Sollte im Fall eines Fehlers ein Wagen z.B. mit der Vorderachse in ein Bühnenbett stürzen, wäre mit großer Wahrscheinlichkeit das Fördergut auf dem Wagen annähernd ein Totalschaden. Ich schätze den Schaden in so einer Situation auf möglicherweise 5000€. Wir reden hier also nicht von betriebsgefährdend großen Schäden, eher ein mittelgroßes Ärgernis.

Falls das Projekt zur Umsetzung kommt, wird für die Anlage durch einen externen Dienstleister eine Risikobeurteilung durchgeführt und die E-Konstruktion wird auf ihre erreichten Performance Level überprüft. Ich möchte jedoch schon im Vorfeld gern Meinungen zu dieser Frage einholen. Es würde helfen den Aufwand besser abzuschätzen.

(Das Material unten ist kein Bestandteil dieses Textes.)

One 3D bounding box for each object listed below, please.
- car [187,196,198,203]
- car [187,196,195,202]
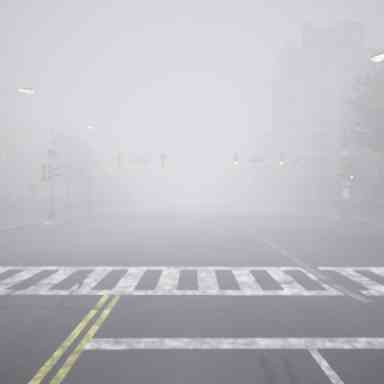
[{"bbox_3d":[-0.158,2.158,84.652,2.033,1.411,5.357,0,0,0],"label":"car"},{"bbox_3d":[-0.178,2.015,95.034,2.097,1.767,4.553,0,0,1],"label":"car"}]
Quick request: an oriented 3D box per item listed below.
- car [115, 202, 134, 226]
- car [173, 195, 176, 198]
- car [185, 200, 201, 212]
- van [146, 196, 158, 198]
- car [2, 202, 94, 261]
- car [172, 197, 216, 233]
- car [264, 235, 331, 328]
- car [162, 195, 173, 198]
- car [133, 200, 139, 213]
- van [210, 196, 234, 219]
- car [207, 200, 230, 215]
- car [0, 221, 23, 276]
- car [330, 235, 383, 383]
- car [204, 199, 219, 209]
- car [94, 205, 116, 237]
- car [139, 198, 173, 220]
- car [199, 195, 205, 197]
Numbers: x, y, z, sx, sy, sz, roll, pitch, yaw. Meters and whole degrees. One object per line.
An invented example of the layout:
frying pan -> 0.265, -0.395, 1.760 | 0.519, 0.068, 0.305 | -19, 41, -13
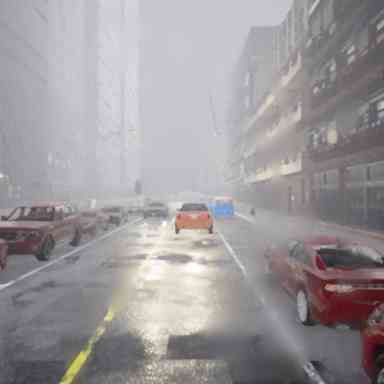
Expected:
car -> -5.672, 1.596, 23.836 | 1.947, 1.339, 4.313 | 1, 0, 0
car -> -5.642, 1.567, 91.419 | 1.752, 1.417, 4.829 | 1, 0, 0
car -> 0.118, 1.646, 40.158 | 1.895, 1.301, 4.718 | 0, 0, 0
van -> -5.660, 1.390, 46.420 | 1.690, 1.788, 3.998 | 1, 0, 0
car -> -5.674, 1.333, 12.543 | 2.192, 1.841, 5.009 | 1, 0, 0
car -> 0.109, 1.378, 19.943 | 2.097, 1.767, 4.553 | 0, 0, 0
car -> 2.701, 1.556, 6.917 | 1.887, 1.381, 4.507 | 1, 0, 0
car -> -5.652, 1.602, 69.005 | 2.008, 1.369, 4.403 | 1, 0, 0
car -> -5.667, 1.591, 35.128 | 2.008, 1.369, 4.403 | 1, 0, 0
van -> 2.713, 1.377, 29.502 | 1.690, 1.788, 3.998 | 1, 0, 0
car -> 2.714, 1.592, 35.150 | 2.008, 1.369, 4.403 | 1, 0, 0
car -> -5.679, 1.555, 6.897 | 1.887, 1.381, 4.507 | 1, 0, 0
car -> 2.701, 1.318, 1.268 | 2.192, 1.841, 5.009 | 1, 0, 0
car -> 2.718, 1.631, 46.442 | 1.802, 1.307, 4.206 | 1, 0, 0
car -> -5.675, 1.606, 18.188 | 1.802, 1.307, 4.206 | 1, 0, 0
car -> -3.036, 1.513, 28.984 | 1.882, 1.535, 5.008 | 0, 0, 0
car -> 2.737, 1.485, 85.969 | 1.967, 1.590, 4.097 | 1, 0, 0
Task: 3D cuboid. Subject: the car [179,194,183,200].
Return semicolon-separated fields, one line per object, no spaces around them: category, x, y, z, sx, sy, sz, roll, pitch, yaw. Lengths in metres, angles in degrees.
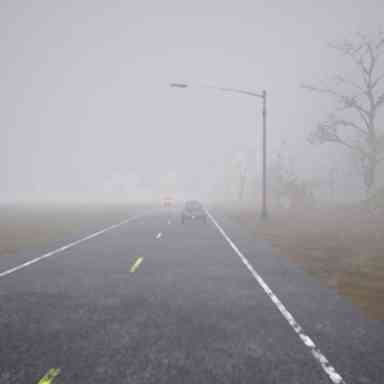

Ich bin dankbar für jeden Beitrag.


----------



## s_kraut (5 Juli 2022)

Ist natürlich Ermessenssache. 5000€ Schaden kann eine Beziehung zu einem Inbetriebnehmer strapazieren.
Zumal z.B. mit Namurtechnologie elegant ein einkanaliges Signal drahtbruchsicher bis SIL2/PLd generiert und ausgewertet werden kann. Zweidrähtig, kannst beim Retrofit also die bestehende Leitung verwenden falls sie in gutem Zustand ist.
Für <500€.


----------



## Blockmove (5 Juli 2022)

Du kannst doch auch sichere dezentrale Peripherie verwenden ...


----------



## nade (5 Juli 2022)

Also würde da auch wie Blockmove auf etwas Dezentrales setzen, und wenn eben via z.B. Sick Sicherheitsrelais dazwischen geschaltet sind. Dann eben auf Öffner Kontakt Abgefragt. Drahtbruch erkannt, der Schalter 2 Kanal Abgefragt. Nachteil, bei Kurzschluss auf der Leitung keine Möglichkeit des Erkennens. Also ab dem Punkt müsste eine Gefährdungsbeurteilung mit Einfließen, wo eben bei Überfahren die Personengefährdung und Materialgefährdung mit evtl daraus resultierenden Personenschäden berücksichtigt wird. Stahlseil dick genug um der Zugkraft bei auf einen Prellbock auflaufen zu wiederstehen... mhm. Das könnte eine teure Reparatur werden, wenn Motor bzwe FU nicht wegen Überstrom abschaltet, eh größere Schäden entstehen.


----------



## marscho (6 Juli 2022)

Also aus meiner Sicht sollte man das schon individuell betrachten...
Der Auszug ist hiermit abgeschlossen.